# Thread: Cylinder with uniform charge distribution - algebra block!

1. ## Cylinder with uniform charge distribution - algebra block!

I have a cylinder whose radius, r = a & length = L
charge distribution through cylinder is
ρ = C/2 * r3
where r = radial distance in cylindrical coordinates
C = constant
show that the average charge density ρbar = Ca3 / 5

* * * * * * * * * * * * *

I have average charge = tot. charge / tot. volume

aAGH! Amendment
vol =
∏r2L

i.e. ρ / ∏r2L

= ((C/2)*r3) / ∏r2L

= Cr3 / 2∏r2L

= Cr / 2∏L

= Cr2 / 6.28L

Now this should make more sense to me but doesn't.

2. ## Re: Cylinder with uniform charge distribution - algebra block!
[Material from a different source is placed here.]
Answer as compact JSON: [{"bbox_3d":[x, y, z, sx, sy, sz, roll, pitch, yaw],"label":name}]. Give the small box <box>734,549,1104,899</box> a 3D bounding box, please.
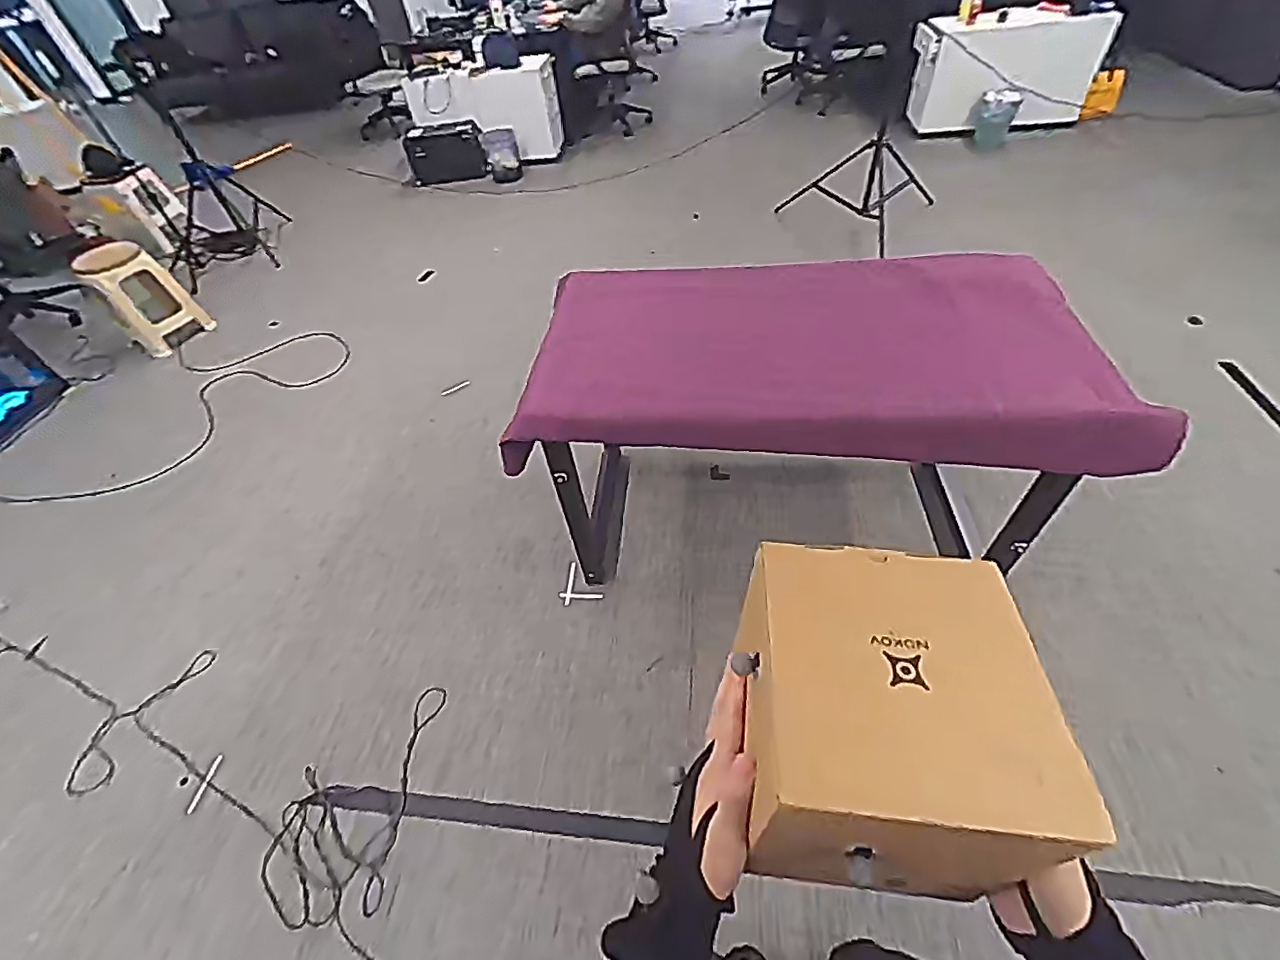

$\rho$ is not the "tot. charge", it is the charge at a single point. It's been a few years since I took calculus (so maybe someone else can correct me if I'm mistaken), but I believe you need to calculate:
$\int_{r=0}^{r=a}{\int_{\theta=0}^{\theta=2\pi}{ \frac{C}{2} r^3 \,d\theta\,dr\ }} = 2\pi \int_0^a{ \frac{C}{2} r^3 \,dr }$

3. ## Re: Cylinder with uniform charge distribution - algebra block!

Of course.
All makes perfect sense.